I can't help but feel this cherry picking. Essentially a communist method would look at the needs of the class in its entirety and I would agree with your conclusion, sometimes cornering certain struggles can lead to various kinds of inroads.
When I was in the SWP, a project worker from a homeless shelter who used to come to a lot of meetings and protests suggested that our SWP branch cooked a meal once a month at the shelter, commenting that the religious groups come in regularly wouldn't it be great if the socialists got a profile as helping the homeless. A lot of us thought this was a great idea, but our organiser ("we're not a charity") and probably the homeless shelter management weren't enamoured of the idea.
There are several reasons the SWP don't get involved in welfare programmes I assume. 1) The SWP is quite small, so has to prioritise a limited range of activism. 2) a political perspective of orientating to the organised working class and narrow conception of politics.
The SWP criticise the Panthers for relating to the "guys on the block" and the idea that the "lumpen-proletariate is a resevoir of revolutionary potential" rather than relating to the organised working class (in trade unions, for exampel). In a sense, there is a certain truth in this, that organised workers have more power in society than, say, the unemployed, and building a lasting organisation from the lumpen proletariate is difficult, hence the Panthers spectacular growth and speedy decline.
However, this perspective can lead to crass economism, as witnessed in Lindsey German's attack in Sex, Class & Socialism on the feminist movement in relating to places where women are weak - women's aid centre. rape crisis centres etc. rather than where they are strong, in the unions etc. Of course, there was a phenomena of self-help activists being incorporated into the state and council, but German's perspective seemed flawed to me. Her argument was collective struggle in the feminist movement had been fragmented into individualist issues, but domestic violence and rape can be organised around in a collective way. This perspective has meant that the revolutionary left has been marginalised from the women's movement rather than leading it.
Or I recall at an SWP conference it being argued on Scotland (presumably in polemic with the SSP) around Asylum and Refugee issues that the way forward shouldn't be activists trying to substitute themselves for absent or denied welfare services, but rather building a political movement to put pressure on the Scottish parliament.
This seemed weak to me, as the two approaches didn't seem mutually exclusive but rather inconnected. For example, solidarity work such as anti-deportation campaigns can often be a way of involving the wider community.
This seems an ingrained approach in the SWP, which has meant that it has missed the boat in several key working class struggles.
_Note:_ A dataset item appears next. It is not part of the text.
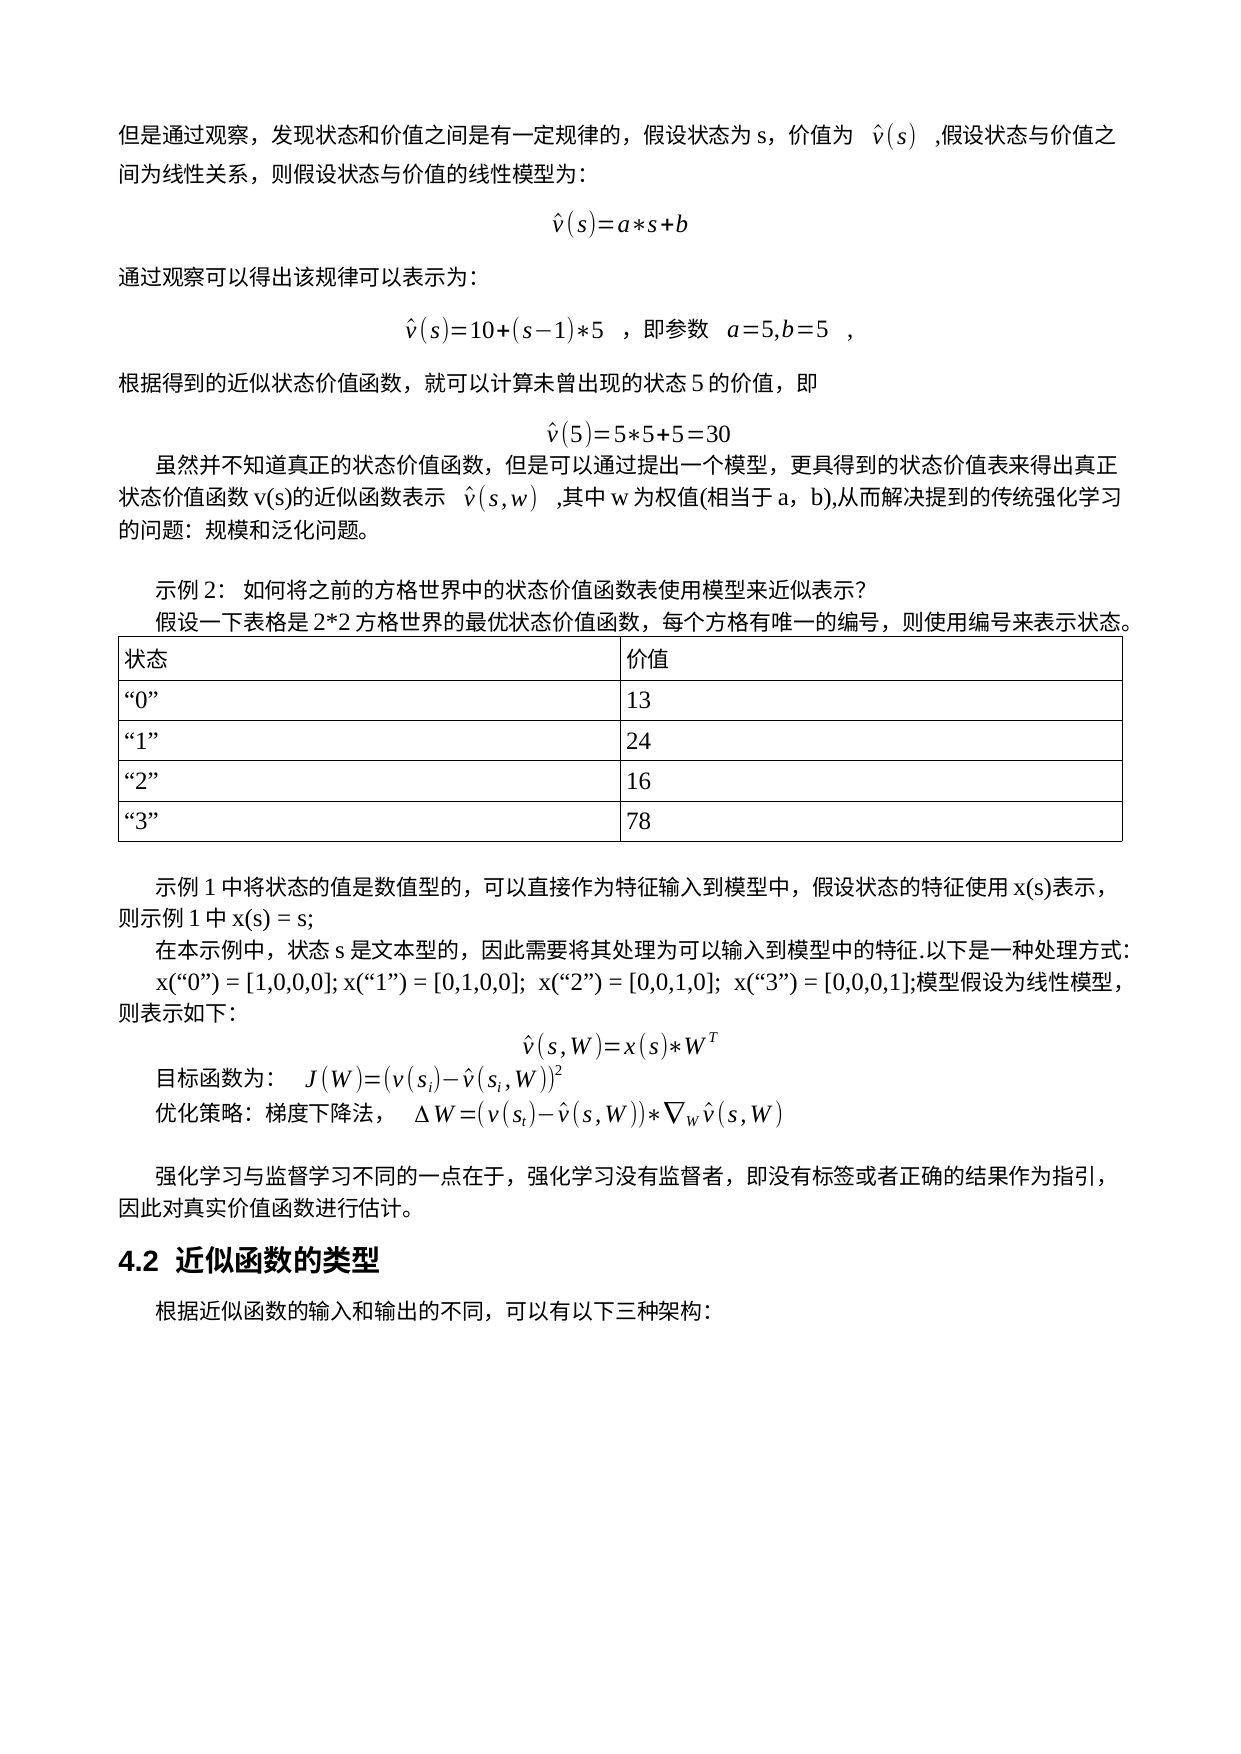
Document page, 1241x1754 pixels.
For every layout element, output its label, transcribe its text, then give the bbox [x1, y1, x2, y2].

For example, initially opposing solidarity campaigns with the Miners as "radical oxfam" or underestimating the potential for a mass non-payment campaign against the Poll Tax based on a mistaken understanding of the dynamics of working class communities.
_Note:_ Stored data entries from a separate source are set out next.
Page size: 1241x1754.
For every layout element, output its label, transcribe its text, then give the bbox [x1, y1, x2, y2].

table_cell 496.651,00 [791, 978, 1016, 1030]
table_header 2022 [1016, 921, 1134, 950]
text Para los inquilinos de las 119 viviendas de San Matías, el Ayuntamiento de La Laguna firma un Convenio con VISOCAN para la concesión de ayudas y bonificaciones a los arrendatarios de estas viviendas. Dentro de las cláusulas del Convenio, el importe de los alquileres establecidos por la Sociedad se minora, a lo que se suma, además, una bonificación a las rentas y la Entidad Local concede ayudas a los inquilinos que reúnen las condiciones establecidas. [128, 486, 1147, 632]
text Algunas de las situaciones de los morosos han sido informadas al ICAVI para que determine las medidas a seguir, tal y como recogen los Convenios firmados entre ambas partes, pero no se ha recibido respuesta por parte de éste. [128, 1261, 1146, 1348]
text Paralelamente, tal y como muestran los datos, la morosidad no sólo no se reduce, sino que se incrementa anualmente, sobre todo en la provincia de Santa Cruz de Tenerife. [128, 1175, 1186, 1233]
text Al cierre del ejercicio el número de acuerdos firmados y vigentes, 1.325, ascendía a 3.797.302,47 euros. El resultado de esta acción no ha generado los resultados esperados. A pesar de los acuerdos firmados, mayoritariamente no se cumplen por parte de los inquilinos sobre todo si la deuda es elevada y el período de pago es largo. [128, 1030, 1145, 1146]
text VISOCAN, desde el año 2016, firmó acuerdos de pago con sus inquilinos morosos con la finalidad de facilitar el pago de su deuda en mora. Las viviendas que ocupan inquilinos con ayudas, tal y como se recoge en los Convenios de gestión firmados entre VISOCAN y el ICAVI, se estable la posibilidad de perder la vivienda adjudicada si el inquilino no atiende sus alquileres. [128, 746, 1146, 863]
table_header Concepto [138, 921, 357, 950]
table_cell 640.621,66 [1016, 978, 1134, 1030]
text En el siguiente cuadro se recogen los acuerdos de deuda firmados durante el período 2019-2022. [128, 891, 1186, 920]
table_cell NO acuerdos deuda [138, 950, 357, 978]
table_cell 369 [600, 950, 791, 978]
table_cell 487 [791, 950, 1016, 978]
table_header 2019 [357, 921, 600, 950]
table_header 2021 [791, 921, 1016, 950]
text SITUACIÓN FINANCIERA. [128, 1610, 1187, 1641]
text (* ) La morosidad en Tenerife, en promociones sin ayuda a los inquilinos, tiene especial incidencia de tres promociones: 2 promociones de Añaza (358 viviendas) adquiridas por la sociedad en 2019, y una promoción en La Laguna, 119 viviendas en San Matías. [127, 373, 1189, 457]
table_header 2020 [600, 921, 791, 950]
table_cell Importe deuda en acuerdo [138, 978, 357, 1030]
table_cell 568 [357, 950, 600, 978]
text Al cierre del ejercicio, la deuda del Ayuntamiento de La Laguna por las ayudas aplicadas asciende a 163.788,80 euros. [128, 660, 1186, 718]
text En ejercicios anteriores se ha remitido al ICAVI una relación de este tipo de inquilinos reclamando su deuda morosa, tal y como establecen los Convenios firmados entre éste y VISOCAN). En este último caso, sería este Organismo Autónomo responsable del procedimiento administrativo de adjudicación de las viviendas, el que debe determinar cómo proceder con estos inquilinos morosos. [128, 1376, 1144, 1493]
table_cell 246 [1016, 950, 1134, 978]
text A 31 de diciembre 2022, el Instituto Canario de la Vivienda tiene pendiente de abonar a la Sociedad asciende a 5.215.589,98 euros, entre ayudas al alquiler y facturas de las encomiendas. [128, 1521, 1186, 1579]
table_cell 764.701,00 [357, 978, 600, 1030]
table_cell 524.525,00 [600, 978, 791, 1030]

In my opinion this economism of focusing only on the organised working class is mistaken. By radical social work and community work, the revolutionary left can begin to appeal to the moral idealism of many people and be seen as the ones who stand up for the most weak and marginalised in our society ie. start to become 'tribunes of the oppressed'. Otherwise, the revolutionary left is seen as being a talking shop and lacks social roots, as it is seen as fly-by-night.
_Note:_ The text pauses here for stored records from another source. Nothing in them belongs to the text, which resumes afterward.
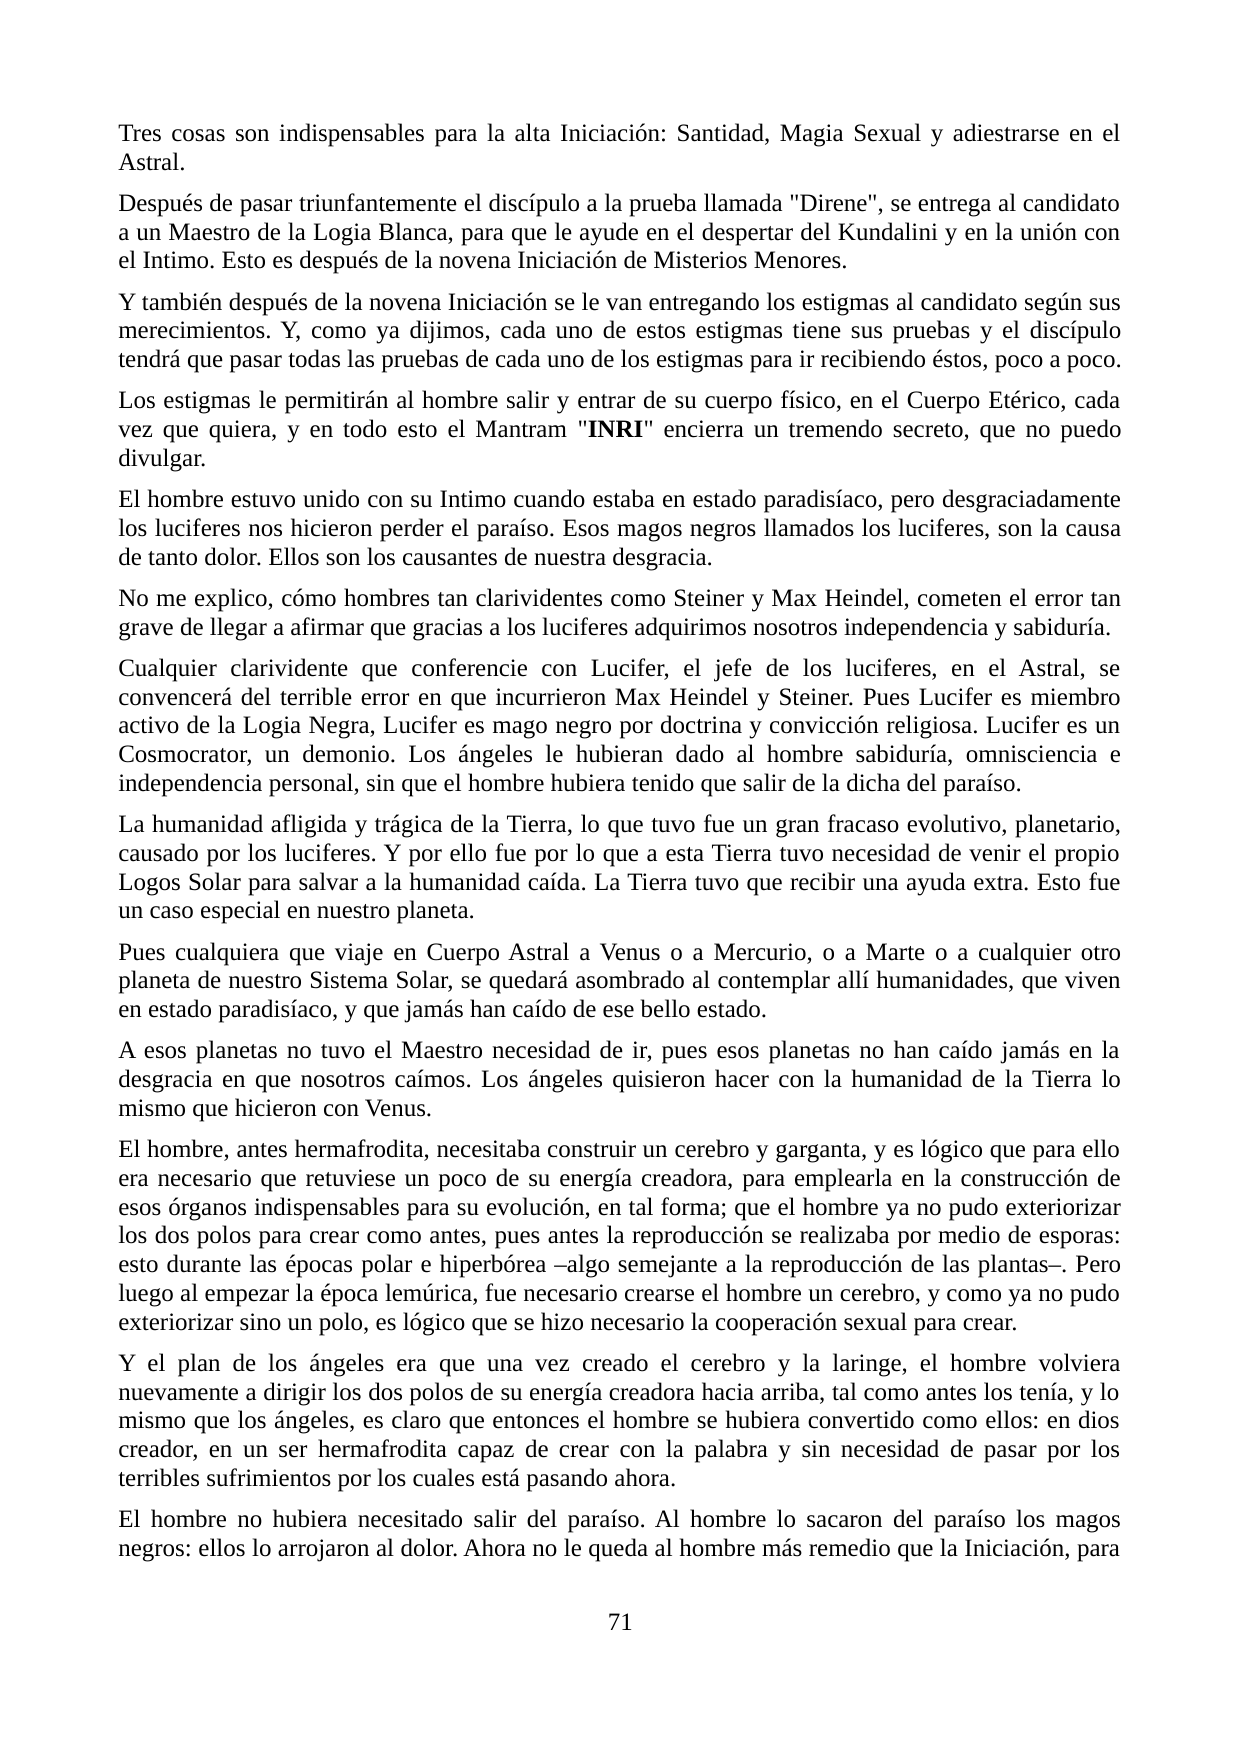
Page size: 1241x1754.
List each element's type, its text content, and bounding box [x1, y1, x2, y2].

text Y el plan de los ángeles era que una vez creado el cerebro y la laringe, el hombre volviera nuevamente a dirigir los dos polos de su energía creadora hacia arriba, tal como antes los tenía, y lo mismo que los ángeles, es claro que entonces el hombre se hubiera convertido como ellos: en dios creador, en un ser hermafrodita capaz de crear con la palabra y sin necesidad de pasar por los terribles sufrimientos por los cuales está pasando ahora. [118, 1348, 1122, 1492]
text Cualquier clarividente que conferencie con Lucifer, el jefe de los luciferes, en el Astral, se convencerá del terrible error en que incurrieron Max Heindel y Steiner. Pues Lucifer es miembro activo de la Logia Negra, Lucifer es mago negro por doctrina y convicción religiosa. Lucifer es un Cosmocrator, un demonio. Los ángeles le hubieran dado al hombre sabiduría, omnisciencia e independencia personal, sin que el hombre hubiera tenido que salir de la dicha del paraíso. [118, 653, 1122, 797]
text El hombre estuvo unido con su Intimo cuando estaba en estado paradisíaco, pero desgraciadamente los luciferes nos hicieron perder el paraíso. Esos magos negros llamados los luciferes, son la causa de tanto dolor. Ellos son los causantes de nuestra desgracia. [118, 484, 1122, 571]
text Y también después de la novena Iniciación se le van entregando los estigmas al candidato según sus merecimientos. Y, como ya dijimos, cada uno de estos estigmas tiene sus pruebas y el discípulo tendrá que pasar todas las pruebas de cada uno de los estigmas para ir recibiendo éstos, poco a poco. [118, 287, 1122, 373]
text Tres cosas son indispensables para la alta Iniciación: Santidad, Magia Sexual y adiestrarse en el Astral. [118, 118, 1122, 176]
text La humanidad afligida y trágica de la Tierra, lo que tuvo fue un gran fracaso evolutivo, planetario, causado por los luciferes. Y por ello fue por lo que a esta Tierra tuvo necesidad de venir el propio Logos Solar para salvar a la humanidad caída. La Tierra tuvo que recibir una ayuda extra. Esto fue un caso especial en nuestro planeta. [118, 809, 1122, 924]
text No me explico, cómo hombres tan clarividentes como Steiner y Max Heindel, cometen el error tan grave de llegar a afirmar que gracias a los luciferes adquirimos nosotros independencia y sabiduría. [118, 583, 1122, 641]
text Después de pasar triunfantemente el discípulo a la prueba llamada "Direne", se entrega al candidato a un Maestro de la Logia Blanca, para que le ayude en el despertar del Kundalini y en la unión con el Intimo. Esto es después de la novena Iniciación de Misterios Menores. [118, 188, 1122, 274]
text Pues cualquiera que viaje en Cuerpo Astral a Venus o a Mercurio, o a Marte o a cualquier otro planeta de nuestro Sistema Solar, se quedará asombrado al contemplar allí humanidades, que viven en estado paradisíaco, y que jamás han caído de ese bello estado. [118, 937, 1122, 1023]
text El hombre no hubiera necesitado salir del paraíso. Al hombre lo sacaron del paraíso los magos negros: ellos lo arrojaron al dolor. Ahora no le queda al hombre más remedio que la Iniciación, para [118, 1504, 1122, 1562]
text A esos planetas no tuvo el Maestro necesidad de ir, pues esos planetas no han caído jamás en la desgracia en que nosotros caímos. Los ángeles quisieron hacer con la humanidad de la Tierra lo mismo que hicieron con Venus. [118, 1036, 1122, 1122]
text El hombre, antes hermafrodita, necesitaba construir un cerebro y garganta, y es lógico que para ello era necesario que retuviese un poco de su energía creadora, para emplearla en la construcción de esos órganos indispensables para su evolución, en tal forma; que el hombre ya no pudo exteriorizar los dos polos para crear como antes, pues antes la reproducción se realizaba por medio de esporas: esto durante las épocas polar e hiperbórea –algo semejante a la reproducción de las plantas–. Pero luego al empezar la época lemúrica, fue necesario crearse el hombre un cerebro, y como ya no pudo exteriorizar sino un polo, es lógico que se hizo necesario la cooperación sexual para crear. [118, 1134, 1122, 1336]
text Los estigmas le permitirán al hombre salir y entrar de su cuerpo físico, en el Cuerpo Etérico, cada vez que quiera, y en todo esto el Mantram "INRI" encierra un tremendo secreto, que no puedo divulgar. [118, 386, 1122, 472]

My opinion is that for trotskyists to become more rooted in society that taking up these issues of radical community and social work, social welfare could be fruitful.
This came up over a discussion over the weekend. I think under the existing climate with low class struggle and a number of the trotskyist groups in auto-pilot I think they will never attain a great sphere of influence, because they still think they're the leadership of the class, despite the fact theres very little of the class to actually lead.